1 John 5:16-17: “Sin unto death” and Sin not unto death”


  1. The Theme of 1 John
    1. In one sense, the Christian does not sin (1 John 3:9; 5:18).
    2. In another sense, the Christian does sin (1 John 1:8; 2:1; 5:16).
  2. Interpretations Concerning the Relationship of Sin to the Believer (1 John 1:5-2:2; 3:4-10; 5:16-18)
    1. The inability to sin is the conduct of the “new nature” (= sperma, 3:9) and the fact of sinning as that of the “old nature.”
      1. This is rejected because it is the person who is born of God, not the sperma, who does not sin.
      2. It is also rejected because neither the “old nature/new nature” terminology nor concept is expressed or implied in 1 John.

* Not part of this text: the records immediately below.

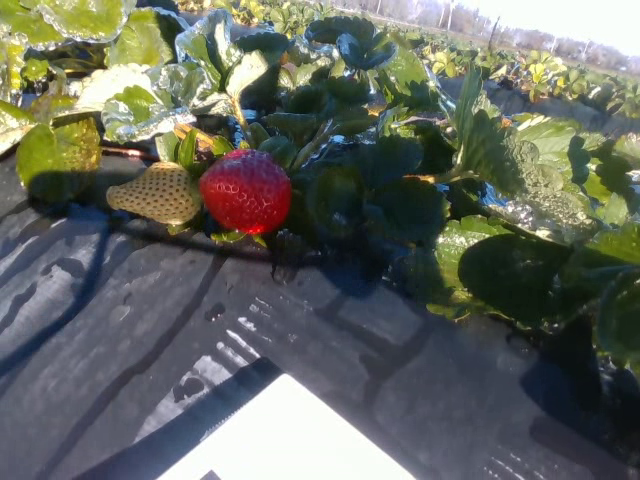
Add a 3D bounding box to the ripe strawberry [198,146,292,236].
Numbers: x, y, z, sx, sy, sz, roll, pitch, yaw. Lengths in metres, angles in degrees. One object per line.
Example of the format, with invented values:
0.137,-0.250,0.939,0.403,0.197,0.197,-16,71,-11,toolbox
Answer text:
-0.039,-0.021,0.289,0.042,0.046,0.061,17,6,28,ripe strawberry
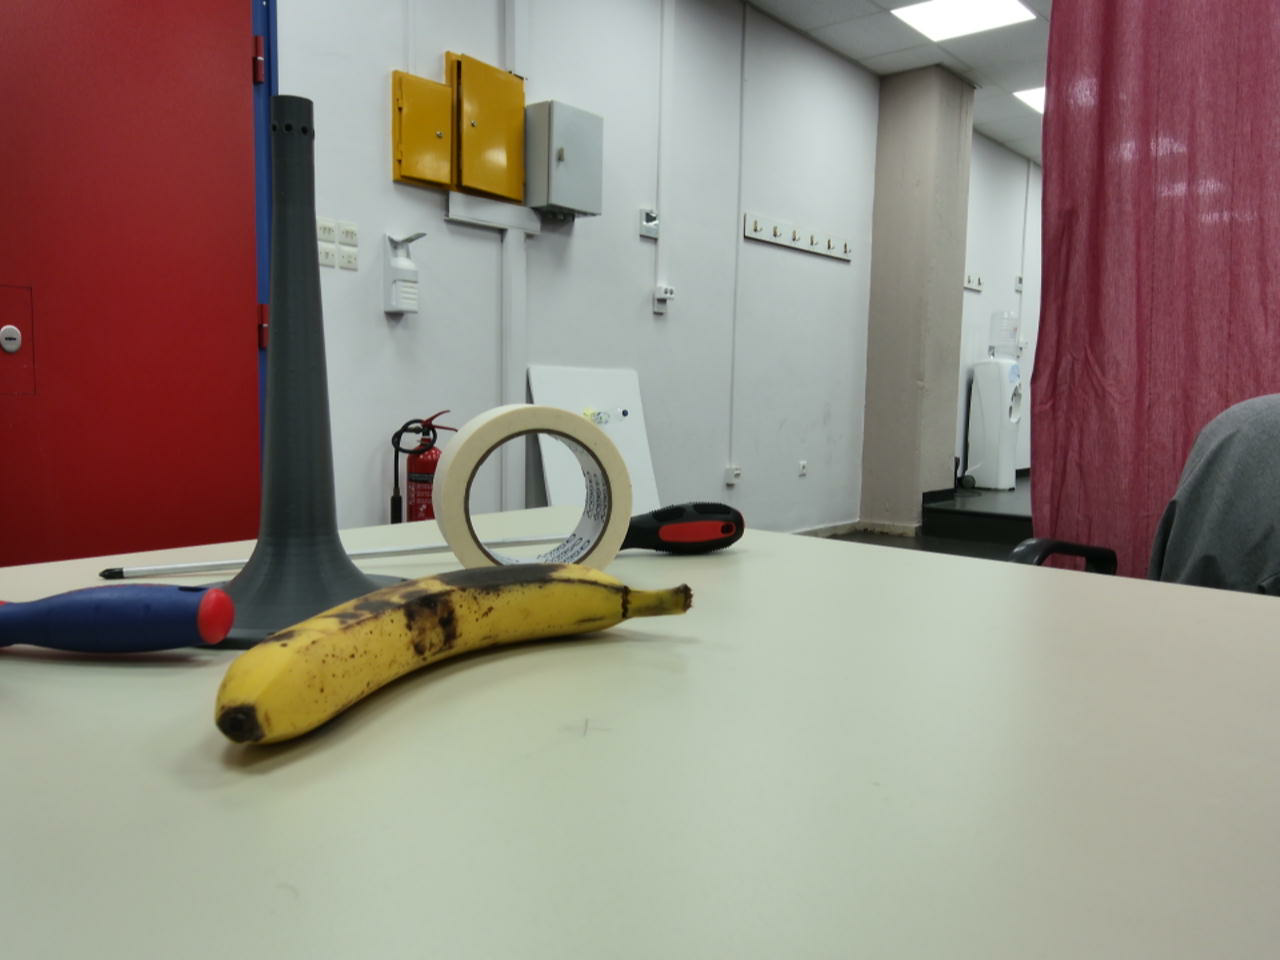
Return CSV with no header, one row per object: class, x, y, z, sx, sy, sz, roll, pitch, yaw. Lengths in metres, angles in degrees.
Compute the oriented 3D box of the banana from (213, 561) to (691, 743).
banana,-0.079,0.061,0.405,0.084,0.037,0.222,3,5,39
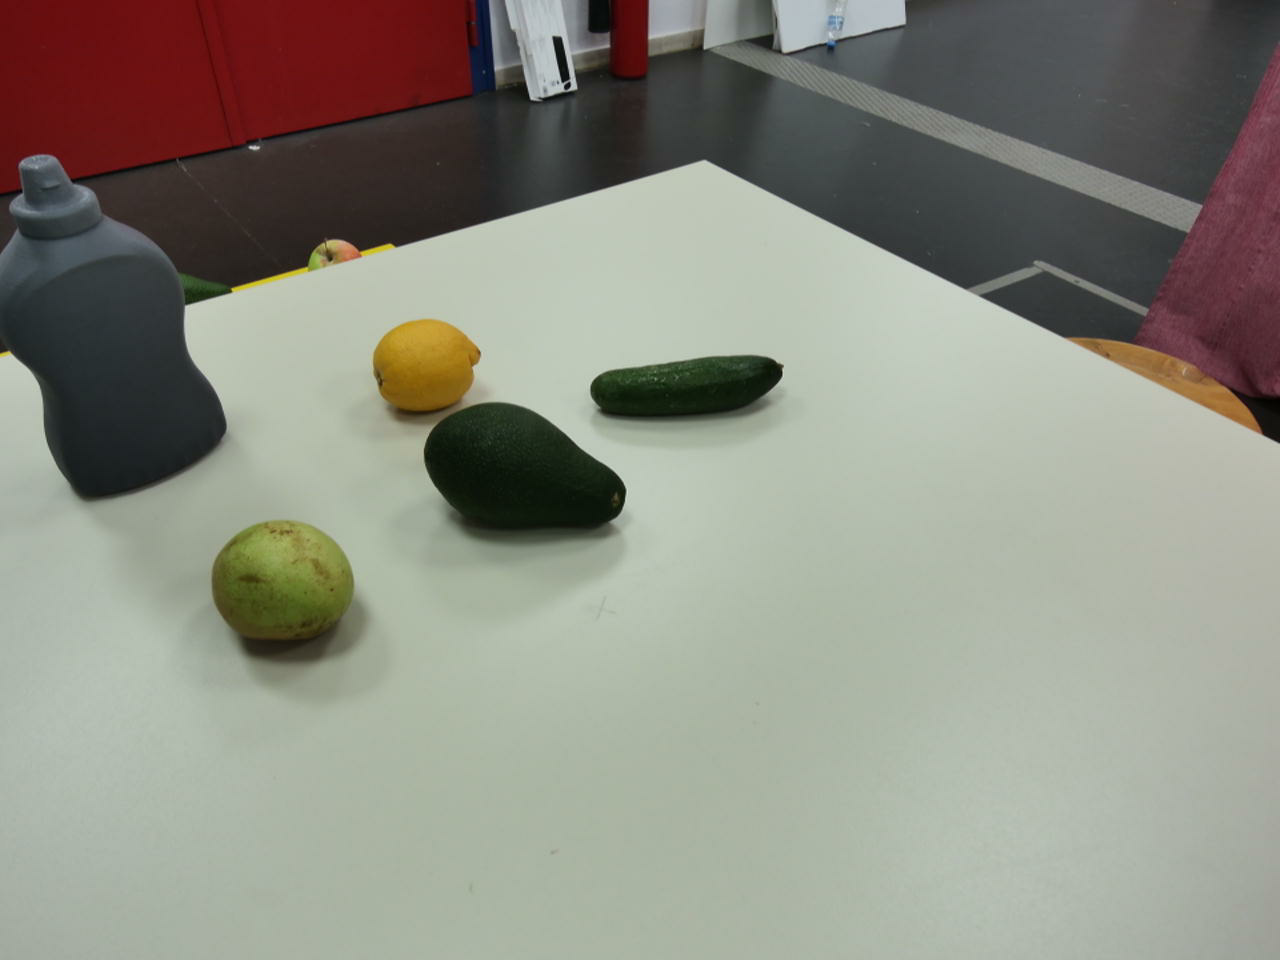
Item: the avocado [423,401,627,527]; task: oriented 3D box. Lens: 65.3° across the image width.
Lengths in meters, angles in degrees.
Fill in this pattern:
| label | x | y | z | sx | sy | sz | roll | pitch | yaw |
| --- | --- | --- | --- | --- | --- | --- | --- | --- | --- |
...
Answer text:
| label | x | y | z | sx | sy | sz | roll | pitch | yaw |
| --- | --- | --- | --- | --- | --- | --- | --- | --- | --- |
| avocado | -0.067 | -0.005 | 0.566 | 0.110 | 0.071 | 0.072 | 21 | 42 | 23 |

    2. The present tense of hamartanein in 3:9 and 5:18 means that the believer does not habitually sin, while the aorist tense in 2:1 shows that the sin of the believer is to be understood as an occasional sin.

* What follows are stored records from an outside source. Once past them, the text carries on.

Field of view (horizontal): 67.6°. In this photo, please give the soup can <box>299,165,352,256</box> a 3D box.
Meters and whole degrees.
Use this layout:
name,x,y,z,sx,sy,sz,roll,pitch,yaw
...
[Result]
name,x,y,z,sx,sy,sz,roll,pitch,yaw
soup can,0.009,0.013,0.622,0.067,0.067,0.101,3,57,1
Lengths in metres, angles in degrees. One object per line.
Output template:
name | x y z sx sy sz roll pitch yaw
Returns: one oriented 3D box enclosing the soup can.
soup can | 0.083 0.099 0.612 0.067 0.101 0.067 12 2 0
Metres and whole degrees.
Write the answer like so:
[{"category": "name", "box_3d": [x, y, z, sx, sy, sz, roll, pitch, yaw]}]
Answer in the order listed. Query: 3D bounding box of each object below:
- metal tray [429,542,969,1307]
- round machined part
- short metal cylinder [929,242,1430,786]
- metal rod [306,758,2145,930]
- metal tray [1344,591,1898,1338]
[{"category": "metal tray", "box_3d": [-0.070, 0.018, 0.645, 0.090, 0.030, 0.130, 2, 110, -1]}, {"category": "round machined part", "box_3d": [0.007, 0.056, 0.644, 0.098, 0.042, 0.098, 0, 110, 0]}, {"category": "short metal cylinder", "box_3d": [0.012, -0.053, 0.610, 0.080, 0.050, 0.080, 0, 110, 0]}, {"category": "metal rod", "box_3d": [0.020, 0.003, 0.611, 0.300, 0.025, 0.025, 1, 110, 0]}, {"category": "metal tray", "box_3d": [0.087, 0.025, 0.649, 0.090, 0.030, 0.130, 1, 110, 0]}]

      1. This is rejected because the present tense of hamartanein is used in 5:16 with reference to the sinning of a believer.
      2. It is also rejected because the present tense is also used in 1:8.

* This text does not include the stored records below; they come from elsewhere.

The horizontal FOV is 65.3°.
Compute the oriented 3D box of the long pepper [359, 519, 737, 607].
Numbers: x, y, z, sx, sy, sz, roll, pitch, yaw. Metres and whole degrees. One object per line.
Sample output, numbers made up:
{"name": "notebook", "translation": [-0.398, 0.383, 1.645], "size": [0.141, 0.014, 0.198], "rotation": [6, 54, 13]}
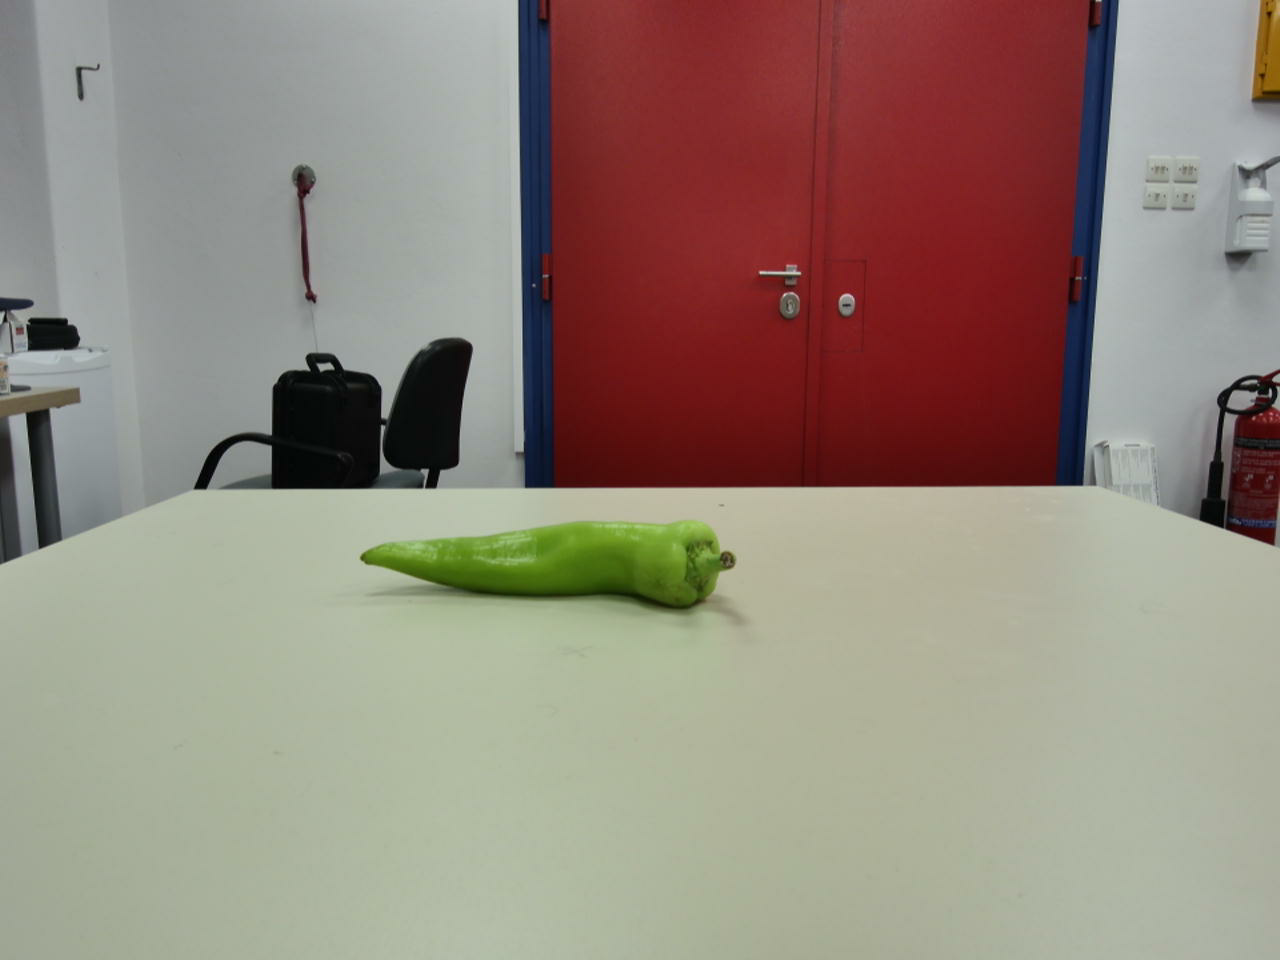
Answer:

    3. The two aspects of the believer’s sinning and not sinning as two levels in the Christian life, in which the second (not sinning) is the actualization of perfection.
      1. This is rejected because no such “progression” of the believer is indicated anywhere in 1 John.
      2. It is also rejected because both the believers’ sinning and the believers’ not sinning are asserted equally and at all times.
    4. Another interpretation recognizes the polemical nature of 1 John.
      1. The statements that believers do sin are directed against the false believers, the opponents who dared to claim that believers never (or are beyond) sin.
      2. Nevertheless, to the believing community 1 John stresses the ideal of a life without sin for one who is a child of God.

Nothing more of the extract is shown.